她实在太美,以至于无比自恋。上帝对她太偏心,至少很多人都这样认为。在那个年代的上流社会,她本人惊世骇俗的美貌,连同近乎偏执的性格一起受到众人推崇。
1898年,塔玛拉生于波兰一个富有的律师家庭,她的父母离异之后,塔玛拉由她富裕的祖母抚养,从小不知物质贫困为何物,过着奢华的悠闲生活。
华服、大宅、旅行......让年轻的塔玛拉从小就清楚,如何描绘出自己未来的生活状态:豪奢悠闲,精致上流。即使是在那个纸醉金迷的迷惘年代,波兰因其重要的地理位置,也一直饱受着战火的侵略,所以使得塔玛拉在享乐的同时,又在动乱中饱览人间疾苦。
1914年,俄国与德国开战,年轻的塔玛拉爱上了全华沙最英俊的单身汉,一个名叫塔杜兹·兰皮库基(Taduesz Lempicki)的律师。
塔玛拉正在为塔杜兹·兰皮库基创作画像
1916年,第一次世界大战如火如荼。朝不保夕的战乱之中,世界更应该学会及时行乐。在银行家舅舅的支持下,他们在圣彼得堡举办了奢华的婚礼。
婚后两年也许是塔玛拉一生中,最正经享受幸福家庭的时光。她迅速融入俄国上层阶级貌美少妇的新角色。尽管对自己的画笔颇为自负,她还是将更多时间,倾注在沙龙和派对中。

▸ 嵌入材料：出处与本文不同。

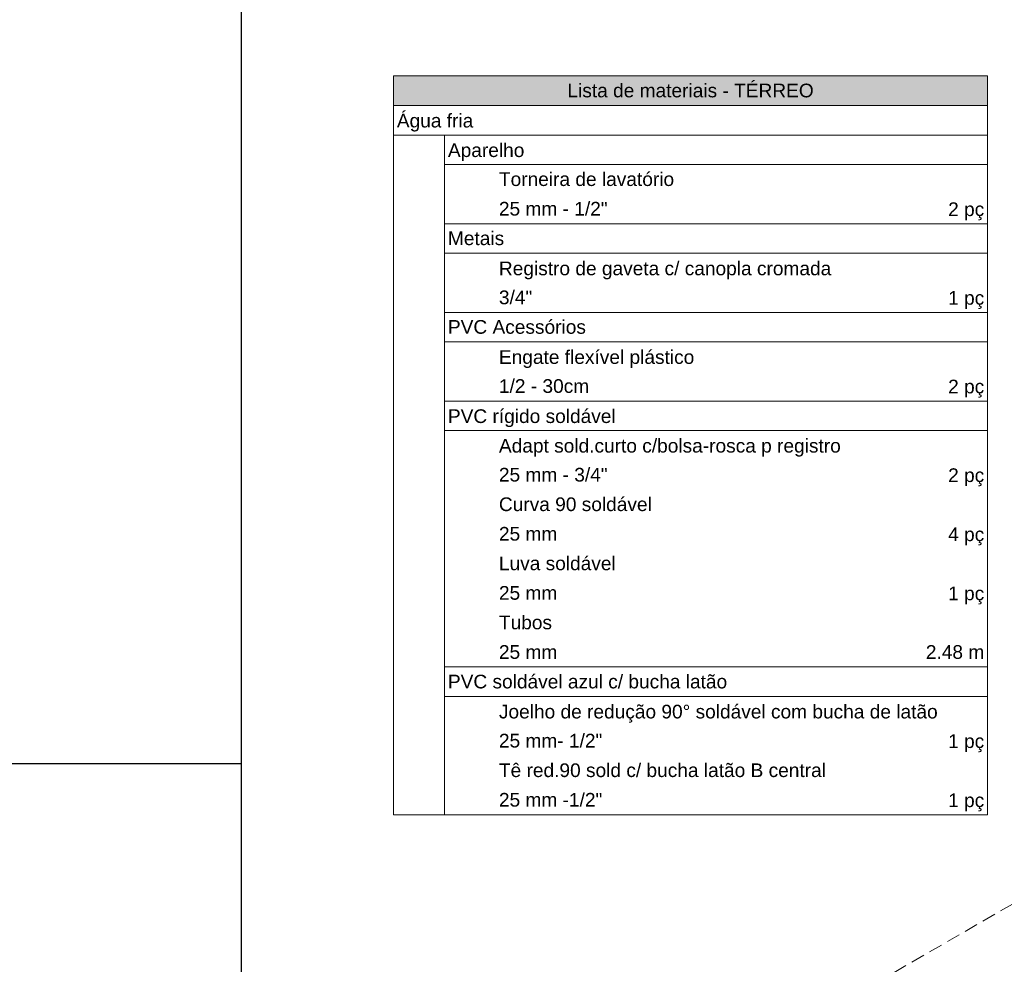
# Model space of a CAD drawing. Header units: millimetres. Extents: x 2 to 902, y -447 to 199.
# Tile 139 of 256: x 35 to 50, y 61 to 75. Entities that reach past the tile are written whole.
import ezdxf

# ---------------------------------------------------------------- set-up
doc = ezdxf.new("R2010")
doc.units = ezdxf.units.MM
doc.header["$MEASUREMENT"] = 0
doc.linetypes.add('JIS_02_2.0', pattern=[0.3, 0.2, -0.1])
doc.linetypes.add('NULL', pattern=[0])
for name, color, linetype, lineweight in [('DI-Hachuras Tabelas', 251, 'Continuous', 0), ('DI-Tabelas', 7, 'Continuous', 13), ('DI-Área do detalhe', 7, 'JIS_02_2.0', 9)]:
    doc.layers.add(name, color=color, linetype=linetype, lineweight=lineweight)
doc.styles.add('Arial', font='arial.ttf')

msp = doc.modelspace()

# ---------------------------------------------------------------- hatches: boundary and pattern name
at = {"layer": 'DI-Hachuras Tabelas', "linetype": 'Continuous'}
msp.add_hatch(color=251, dxfattribs=at).paths.add_polyline_path([(40.751, 74.468), (49.442, 74.468), (49.442, 74.036), (40.751, 74.036)])

# ---------------------------------------------------------------- linework, layer by layer
msp.add_line((38.531, 64.414), (4.149, 64.414))
msp.add_lwpolyline([(38.531, 76.104), (64.623, 76.104), (64.623, 52.724), (38.531, 52.724)], close=True)
at = {"layer": 'DI-Hachuras Tabelas'}
msp.add_lwpolyline([(40.751, 74.468), (49.442, 74.468), (49.442, 74.036), (40.751, 74.036), (40.751, 74.468)], dxfattribs=at)
at = {"layer": 'DI-Tabelas'}
for p, q in [((40.751, 74.036), (40.751, 74.468)), ((40.751, 74.468), (49.442, 74.468)), ((49.442, 74.468), (49.442, 74.036)), ((49.442, 74.036), (40.751, 74.036)), ((40.751, 73.604), (40.751, 74.036)), ((49.442, 74.036), (49.442, 73.604)), ((49.442, 73.604), (40.751, 73.604)), ((40.751, 73.172), (40.751, 73.604)), ((41.498, 73.604), (41.498, 73.172)), ((49.442, 73.604), (49.442, 73.172)), ((40.751, 72.74), (40.751, 73.172)), ((49.442, 73.172), (41.498, 73.172)), ((41.498, 73.172), (41.498, 72.74)), ((49.442, 73.172), (49.442, 72.74)), ((40.751, 72.308), (40.751, 72.74)), ((41.498, 72.74), (41.498, 72.308)), ((49.442, 72.74), (49.442, 72.308)), ((40.751, 71.876), (40.751, 72.308)), ((42.244, 72.308), (41.498, 72.308)), ((41.498, 72.308), (41.498, 71.876)), ((46.532, 72.308), (42.244, 72.308)), ((49.442, 72.308), (46.532, 72.308)), ((49.442, 72.308), (49.442, 71.876)), ((40.751, 71.444), (40.751, 71.876)), ((49.442, 71.876), (41.498, 71.876)), ((41.498, 71.876), (41.498, 71.444)), ((49.442, 71.876), (49.442, 71.444)), ((40.751, 71.012), (40.751, 71.444)), ((41.498, 71.444), (41.498, 71.012)), ((49.442, 71.444), (49.442, 71.012)), ((40.751, 70.58), (40.751, 71.012)), ((42.244, 71.012), (41.498, 71.012)), ((41.498, 71.012), (41.498, 70.58)), ((46.532, 71.012), (42.244, 71.012)), ((49.442, 71.012), (46.532, 71.012)), ((49.442, 71.012), (49.442, 70.58)), ((40.751, 70.148), (40.751, 70.58)), ((49.442, 70.58), (41.498, 70.58)), ((41.498, 70.58), (41.498, 70.148)), ((49.442, 70.58), (49.442, 70.148)), ((40.751, 69.716), (40.751, 70.148)), ((41.498, 70.148), (41.498, 69.716)), ((49.442, 70.148), (49.442, 69.716)), ((40.751, 69.284), (40.751, 69.716)), ((42.244, 69.716), (41.498, 69.716)), ((41.498, 69.716), (41.498, 69.284)), ((46.532, 69.716), (42.244, 69.716)), ((49.442, 69.716), (46.532, 69.716)), ((49.442, 69.716), (49.442, 69.284)), ((40.751, 68.852), (40.751, 69.284)), ((49.442, 69.284), (41.498, 69.284)), ((41.498, 69.284), (41.498, 68.852)), ((49.442, 69.284), (49.442, 68.852)), ((40.751, 68.42), (40.751, 68.852)), ((41.498, 68.852), (41.498, 68.42)), ((49.442, 68.852), (49.442, 68.42)), ((40.751, 67.988), (40.751, 68.42)), ((41.498, 68.42), (41.498, 67.988)), ((49.442, 68.42), (49.442, 67.988)), ((40.751, 67.556), (40.751, 67.988)), ((41.498, 67.988), (41.498, 67.556)), ((49.442, 67.988), (49.442, 67.556)), ((40.751, 67.124), (40.751, 67.556)), ((41.498, 67.556), (41.498, 67.124)), ((49.442, 67.556), (49.442, 67.124)), ((40.751, 66.692), (40.751, 67.124)), ((41.498, 67.124), (41.498, 66.692)), ((49.442, 67.124), (49.442, 66.692)), ((40.751, 66.26), (40.751, 66.692)), ((41.498, 66.692), (41.498, 66.26)), ((49.442, 66.692), (49.442, 66.26)), ((40.751, 65.828), (40.751, 66.26)), ((41.498, 66.26), (41.498, 65.828)), ((49.442, 66.26), (49.442, 65.828)), ((40.751, 65.396), (40.751, 65.828)), ((42.244, 65.828), (41.498, 65.828)), ((41.498, 65.828), (41.498, 65.396)), ((46.532, 65.828), (42.244, 65.828)), ((49.442, 65.828), (46.532, 65.828)), ((49.442, 65.828), (49.442, 65.396)), ((40.751, 64.964), (40.751, 65.396)), ((49.442, 65.396), (41.498, 65.396)), ((41.498, 65.396), (41.498, 64.964)), ((49.442, 65.396), (49.442, 64.964)), ((40.751, 64.532), (40.751, 64.964)), ((41.498, 64.964), (41.498, 64.532)), ((49.442, 64.964), (49.442, 64.532)), ((40.751, 64.1), (40.751, 64.532)), ((41.498, 64.532), (41.498, 64.1)), ((49.442, 64.532), (49.442, 64.1)), ((40.751, 63.668), (40.751, 64.1)), ((41.498, 64.1), (41.498, 63.668)), ((49.442, 64.1), (49.442, 63.668)), ((41.498, 63.668), (40.751, 63.668)), ((42.244, 63.668), (41.498, 63.668)), ((46.532, 63.668), (42.244, 63.668)), ((49.442, 63.668), (46.532, 63.668))]:
    msp.add_line(p, q, dxfattribs=at)
at = {"layer": 'DI-Área do detalhe'}
msp.add_lwpolyline([(41.578, 57.613), (51.811, 63.521), (59.342, 59.173), (49.109, 53.265), (41.578, 57.613)], dxfattribs=at)

# ---------------------------------------------------------------- texts
at = {"layer": 'DI-Tabelas', "linetype": 'NULL', "char_height": 0.2, "line_spacing_factor": 0.6, "style": 'Arial'}
for s, insert, width, attachment_point in [('Lista de materiais - TÉRREO', (45.097, 74.152), 7.20396, 8), ('Água fria', (40.801, 73.654), 2.23598, 7), ('Aparelho', (41.548, 73.222), 2.23628, 7), ('Torneira de lavatório', (42.294, 72.856), 5.12348, 7), ('25 mm - 1/2"', (42.294, 72.424), 3.17896, 7), ('2 pç', (49.392, 72.358), 1.0561, 9), ('Metais', (41.548, 71.992), 1.64573, 7), ('Registro de gaveta c/ canopla cromada', (42.294, 71.494), 9.72073, 7), ('3/4"', (42.294, 71.128), 0.975, 7), ('1 pç', (49.392, 71.062), 1.0561, 9), ('PVC Acessórios', (41.548, 70.696), 4.0378, 7), ('Engate flexível plástico', (42.294, 70.198), 5.71463, 7), ('1/2 - 30cm', (42.294, 69.832), 2.63933, 7), ('2 pç', (49.392, 69.766), 1.0561, 9), ('PVC rígido soldável', (41.548, 69.334), 4.90701, 7), ('Adapt sold.curto c/bolsa-rosca p registro', (42.294, 68.902), 9.99939, 7), ('25 mm - 3/4"', (42.294, 68.536), 3.17896, 7), ('2 pç', (49.392, 68.47), 1.0561, 9), ('Curva 90 soldável', (42.294, 68.104), 4.47226, 7), ('25 mm', (42.294, 67.672), 1.70762, 7), ('4 pç', (49.392, 67.606), 1.0561, 9), ('Luva soldável', (42.294, 67.24), 3.41677, 7), ('25 mm', (42.294, 66.808), 1.70762, 7), ('1 pç', (49.392, 66.742), 1.0561, 9), ('Tubos', (42.294, 66.376), 1.55305, 7), ('25 mm', (42.294, 65.944), 1.70762, 7), ('2.48 m', (49.392, 65.944), 1.70793, 9), ('PVC soldável azul c/ bucha latão', (41.548, 65.512), 8.1686, 7), ('Joelho de redução 90%%d soldável com bucha de latão', (42.294, 65.014), 12.81402, 7), ('25 mm- 1/2"', (42.294, 64.648), 3.02378, 7), ('1 pç', (49.392, 64.582), 1.0561, 9), ('Tê red.90 sold c/ bucha latão B central', (42.294, 64.216), 9.56524, 7), ('25 mm -1/2"', (42.294, 63.784), 3.02378, 7), ('1 pç', (49.392, 63.718), 1.0561, 9)]:
    msp.add_mtext(s, dxfattribs=dict(at, insert=insert, width=width, attachment_point=attachment_point))

doc.saveas('drawing.dxf')

塔玛拉《Young lady in green》,1927年
一年后,俄国十月革命爆发,塔杜兹被布尔什维克逮捕。她在危机面前显现出毁灭性的手腕,刚满20岁的塔玛拉为了营救丈夫,不惜出卖肉体,做瑞典驻俄国领事的情人,居然侥幸成功,营救出了她的丈夫。
塔玛拉《Le téléphone II》,1930年
丈夫获释后,两人双双逃往巴黎,也从天堂掉落人间。但也正是在巴黎,塔玛拉真正开启了自己充满传奇色彩的生活。
从锦衣玉食到一文不名,革命年代常常发生的故事,倒也没什么大惊小怪。逃亡到巴黎后,起先,两人住廉价公寓,靠典当随身带来的一些宝石、首饰来维持捉襟见肘的生活。之前的牢狱生涯虽不算长,但丈夫显然受到了摧残,成了一个一蹶不振、性格阴暗的人。这种局面甚至在他们的爱女Kizette出生后也没能改变。